The Rarest River

Wayne Groesbeck
Vice Chair
Muskegon River Watershed Assembly

In the mid-seventies, the Great Lakes were in the throes of “Coho Fever,” as big hard-fighting Pacific salmon had established themselves in the “Big Lakes”. They were eating their way through the overabundance of alewives, an invasive ocean baitfish that had arrived in the ballast water of international cargo ships. This new excellent fishery generated a number of associated organizations. One was the Great Lakes Sport fishing Council headed by Dan Thomas, a contractor from the greater Chicago area and a type A+ personality.

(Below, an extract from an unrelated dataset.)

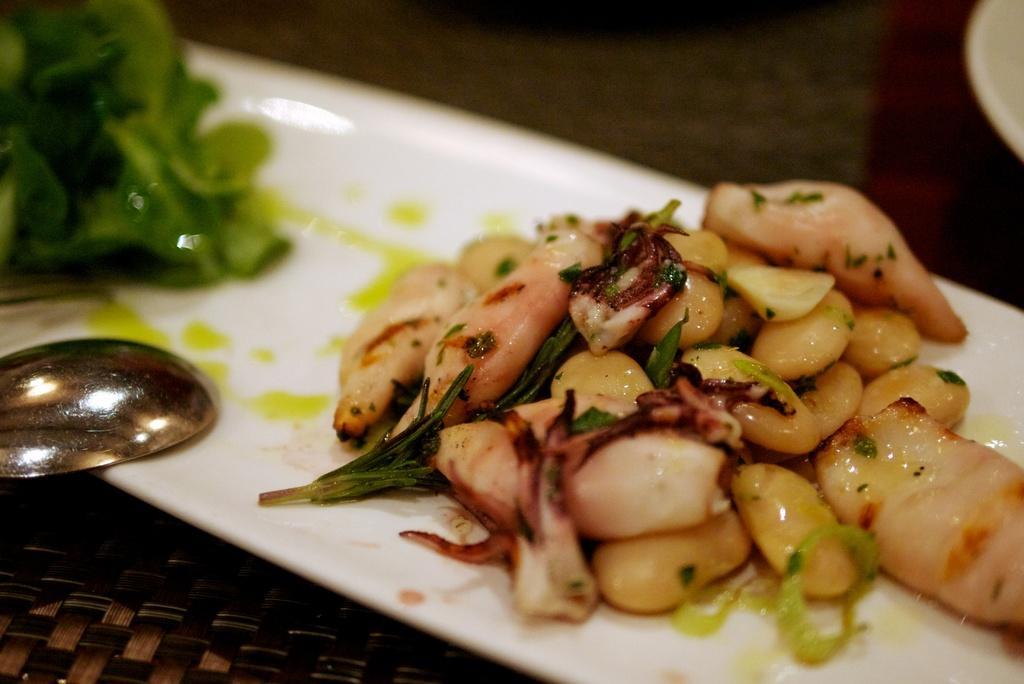In one or two sentences, can you explain what this image depicts? In this picture, we see a white tray containing food, spoon and leafy vegetables. This tray is placed on the brown table. In the background, it is brown in color and it is blurred.

The Sport fishing Council held annual two-day meetings in Illinois, Michigan, Ohio, Indiana, Wisconsin, and most memorably at the Niagara Falls Aquarium in New York. At the conclusion of one meeting, a rather elegant dinner was held at a restaurant adjacent to a nature preserve at the tip of Lake Erie. Of the forty or so attendees, about half were salmon charter captains, but the Sons of Lake Erie, the Hoosier Coho Club, the Minnesota Musky Hunters, and the Michigan Anglers Association, among others, were all represented.

Seated next to Director Thomas was a slender gray-haired man who was introduced as Dr. Howard Tanner of the Michigan Department of Natural Resources. The sport fishermen at the table sat in awe; Dr. Tanner was the scientist who had first proposed planting Pacific salmon in the Great Lakes and made it work. Not only had those salmon created an unprecedented fishery, but they were controlling the population explosion of invasive alewives. Like many scientists, Dr. Tanner had not sought public exposure, so those of us in attendance felt we were being granted an audience with celebrity, if not royalty.

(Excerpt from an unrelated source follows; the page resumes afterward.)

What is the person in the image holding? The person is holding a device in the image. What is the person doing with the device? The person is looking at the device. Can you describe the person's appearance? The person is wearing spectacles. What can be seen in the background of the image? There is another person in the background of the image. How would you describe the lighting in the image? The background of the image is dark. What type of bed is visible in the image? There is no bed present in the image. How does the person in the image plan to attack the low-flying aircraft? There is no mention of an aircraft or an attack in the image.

Dan requested that we each introduce ourselves, and state our affiliation and hometown. At my turn, I said Wayne Groesbeck, President of the Michigan Anglers Association, from Muskegon. Interrupting the progression, Dr. Tanner declared “You people in Muskegon don’t know what you’ve got there. The Muskegon River is a ‘Cool Water System,’ it supports a complete suite of cold water species and warm water species. Only two percent of the rivers in North America are that way.”

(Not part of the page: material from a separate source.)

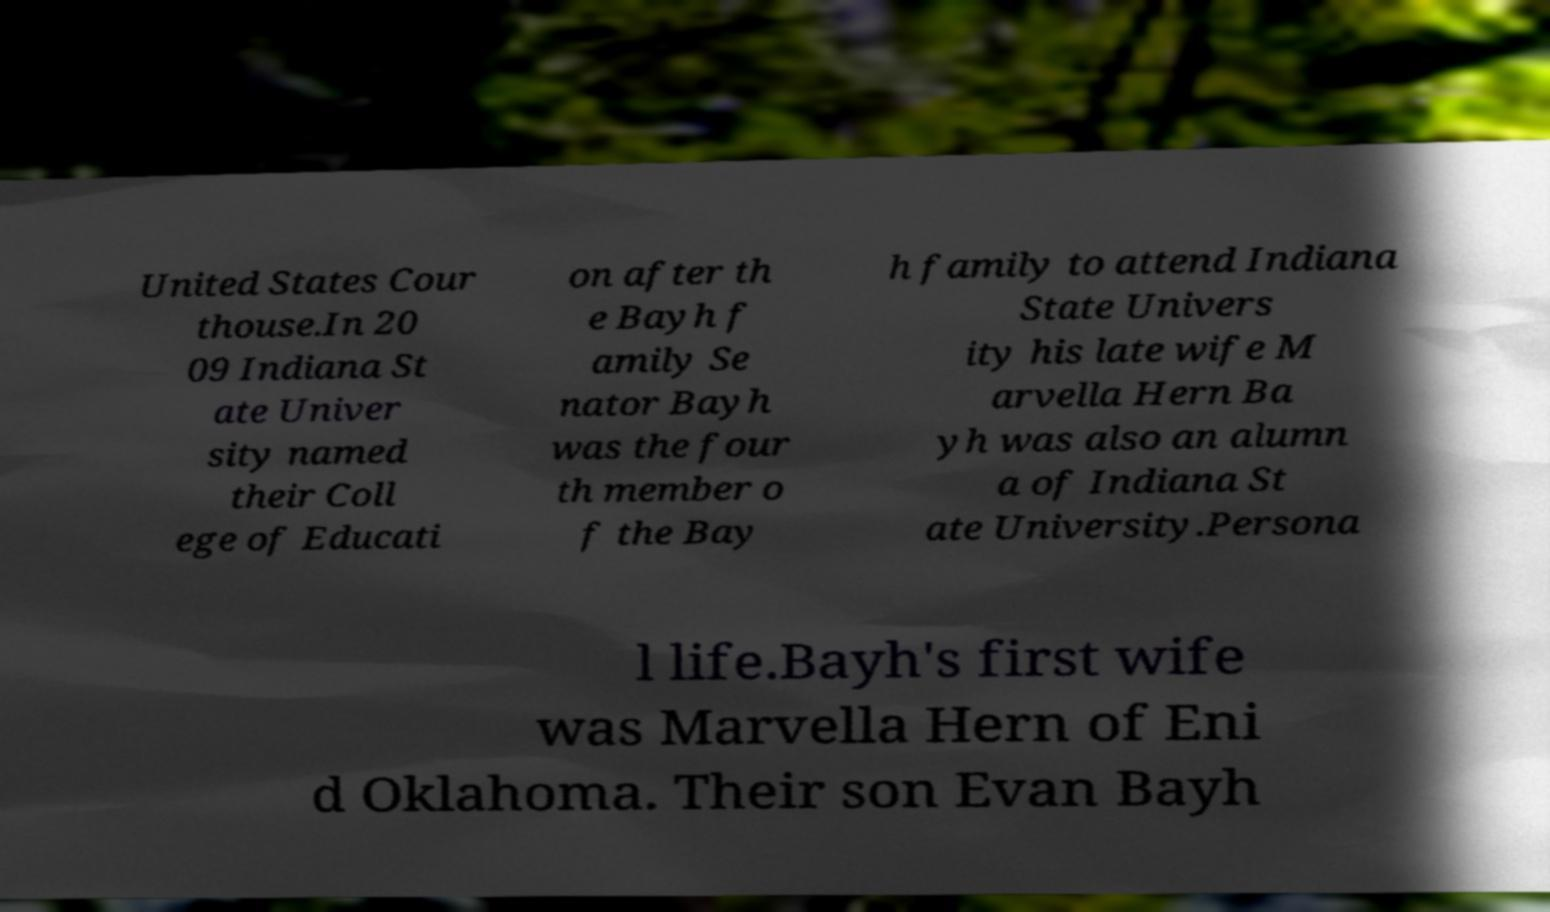Can you read and provide the text displayed in the image?This photo seems to have some interesting text. Can you extract and type it out for me? United States Cour thouse.In 20 09 Indiana St ate Univer sity named their Coll ege of Educati on after th e Bayh f amily Se nator Bayh was the four th member o f the Bay h family to attend Indiana State Univers ity his late wife M arvella Hern Ba yh was also an alumn a of Indiana St ate University.Persona l life.Bayh's first wife was Marvella Hern of Eni d Oklahoma. Their son Evan Bayh

Dr. Tanner was right. I knew the Muskegon contained a variety of fish and a few times had caught something I couldn’t identify, but I had never considered the nature of the system as a whole. I have since learned that our river’s diversity applies to plants, invertebrates, mollusks, and everything else in the food web, as well as fish. I have also learned how fragile our river’s status is: an average annual warming of just a few degrees would destroy our unique diversity.

Years later, my revelation was reflected in the title of Jeff Alexander’s landmark book “The Muskegon River: The Majesty and Tragedy of Michigan’s Rarest River.” That rareness is its cool water status, something we must all be dedicated to preserving.